Подарит тебе статую царь Соломон…»

[156]

Соломон принимает решение отправить просьбу к Хираму создать статую Суламифи на расстоянии, по его, Соломона, описанию, в котором, безусловно, есть и знаменитое: «Нос твой — башня Ливанская, обращенная к Дамаску». И вот каков результат усилий царя:


Царь тихонько от шалуньи
Шлет к Хираму в Тир гонца,
И в седьмое новолунье
У парадного крыльца
Соломонова дворца
Появился караван
Из тринадцати верблюдов,
И на них литое чудо —
Медный в шесть локтей болван!
Стража, чернь и служки Храма
Наседают на Хирама:
«Идол? Чей? Кому?
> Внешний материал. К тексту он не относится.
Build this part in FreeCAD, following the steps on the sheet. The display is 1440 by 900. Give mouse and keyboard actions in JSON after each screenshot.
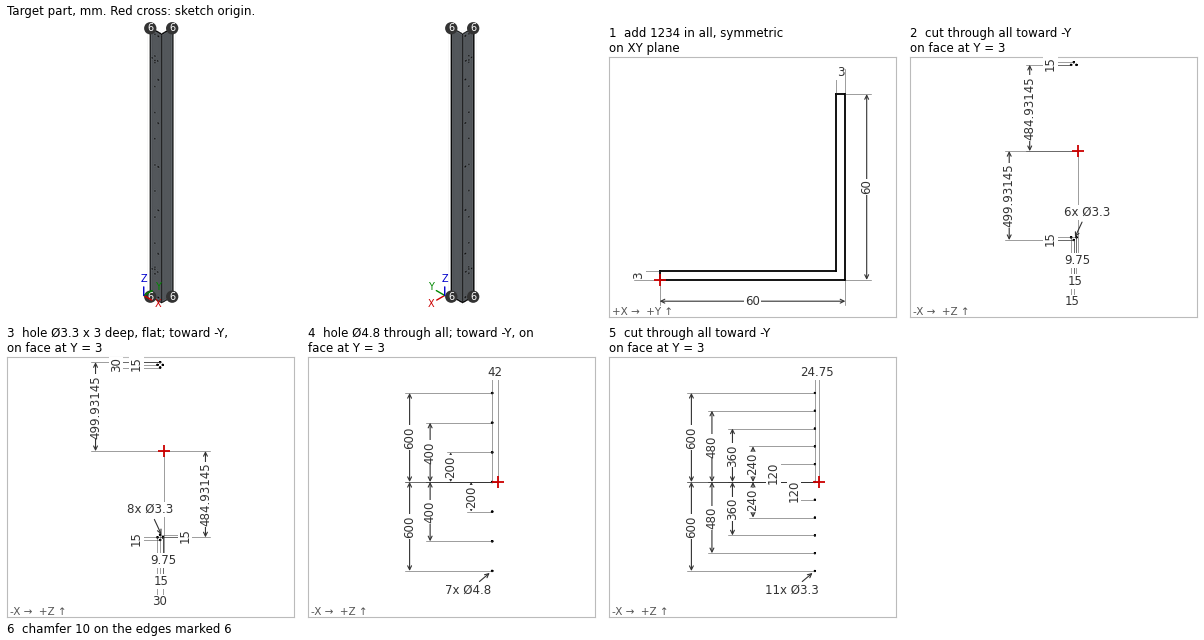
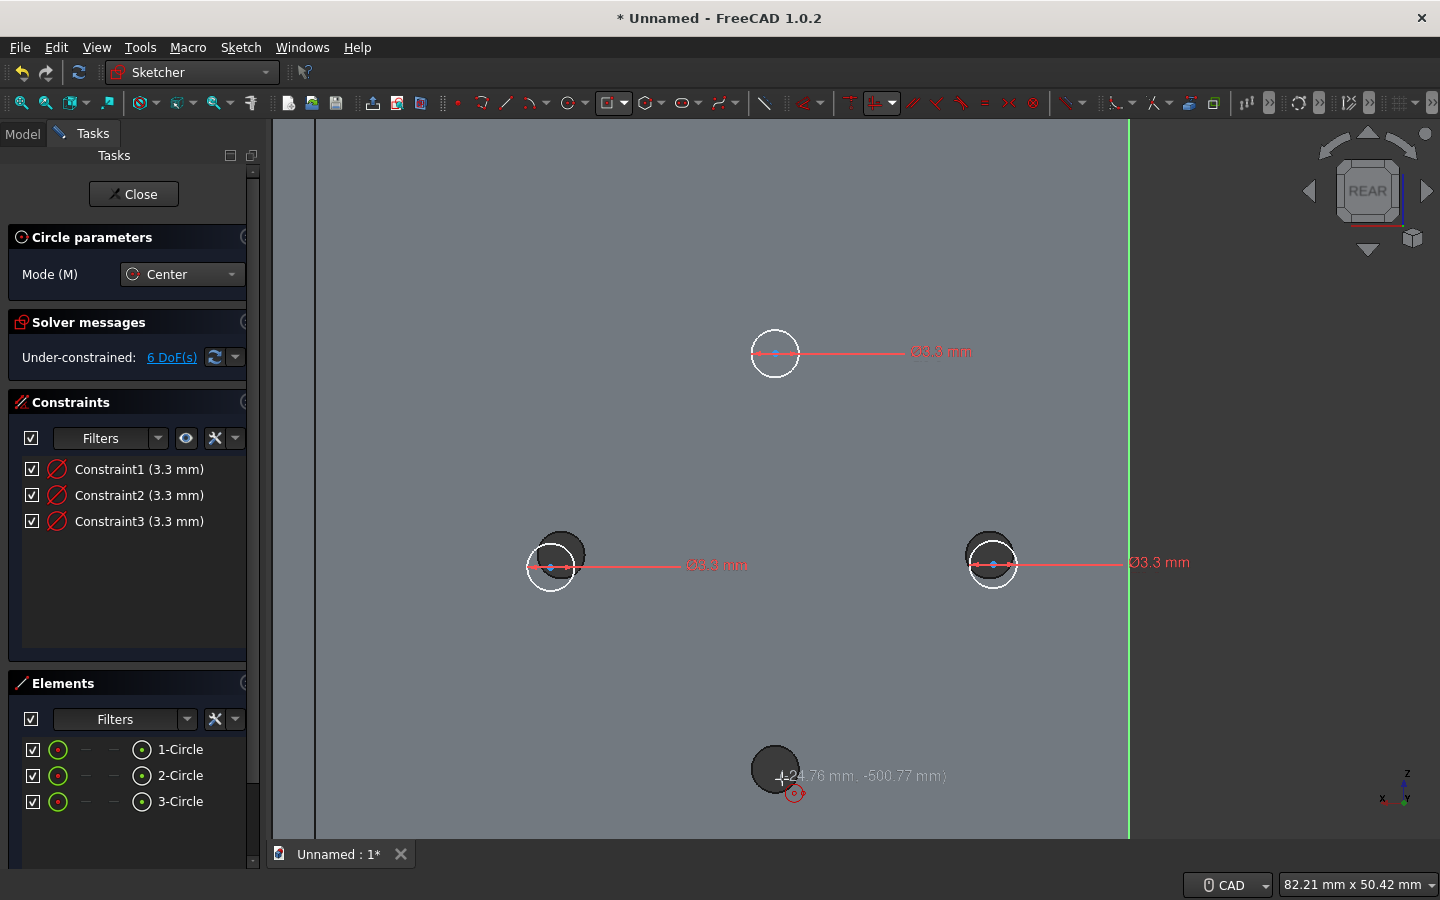
{"action": "scroll", "coordinate": [782, 770], "scroll_direction": "down", "scroll_amount": 16}

Зачем?»
Но Хирам бесстрастно нем.
Вдруг выходит Соломон.
Смотрит: «Это что за гриф
С безобразно длинным носом?!»
Не смущаясь сим вопросом,
Медник молвит: «Суламифь».

«Ах!» — сорвалось с нежных уст,
И живая Суламита
На плиту из малахита
Опускается без чувств…

[156–157]

Разгневанный Соломон уже замахивается мечом на Хирама, но тот, не смущаясь, утверждает, что именно такого изображения и хотел от него царь Израиля:


«Соломон, побойся срама!
Не с пьяна и не во сне
Лил я медь, о царь сердитый,
Вот пергамент твой ко мне
С описаньем Суламиты:

«Нос ее — башня Ливана!

Ланиты ее — половинки граната.

Рот — как земля Ханаана,

И брови — как два корабельных каната.

Сосцы ее — юные серны,

И груди — как две виноградные кисти,

Глаза — золотые цистерны,

Ресницы — как вечнозеленые листья.

Чрево — как ворох пшеницы,

Обрамленный гирляндою лилий,

Бедра — как две кобылицы,

Кобылицы в кремовом мыле…

Кудри — как козы стадами,

Зубы — как бритые овцы с приплодом,

Шея — как столп со щитами,

И пупок — как арбуз, помазанный медом!»

[157–158]

В этом фрагменте, благодаря приему «опредмечивания» метафор, иронично, пародийно и в то же время тонко указана природа особой метафорики Песни Песней: каждый из образов имеет особую пластическую завершенность, и одновременно все они условны и неуловимо трансформируются на наших глазах, создавая ощущение потока эротических метафор, льющейся конкретной, вещественной и насквозь условной пластики. Будучи же остановленными, застывшими, опредмеченными, эти образы создают комическое впечатление. Саша Черный искусно играет на соединении почти точных цитат из Песни Песней («Нос ее — башня Ливана! // Ланиты ее — половинки граната»; «Сосцы ее — юные серны, // И груди — как две виноградные кисти…»; «Чрево — как ворох пшеницы, // Обрамленный гирляндою лилий…»; ср.: «Твой нос, как башня Ливана на дозоре против Дамаска…» (Песн 7:5; здесь и далее — перевод И. М. Дьяконова; «Как разлом граната твои щеки изпод фаты» (Песн 4:3); «Две груди твои — как два олененка, // Как двойня газели, что бродят среди лилий» (Песн 4:5); «…И будут груди твои, как гроздья лозы…» (Песн 7:9); «Твой живот — это ворох пшеницы с каемкою красных лилий…» — Песн 7:3)[3] и образов гротескно-травестийных, но созданных на той же гиперболической основе: «Рот — как земля Ханаана, // И брови — как два корабельных каната»; «…И пупок — как арбуз, помазанный медом!»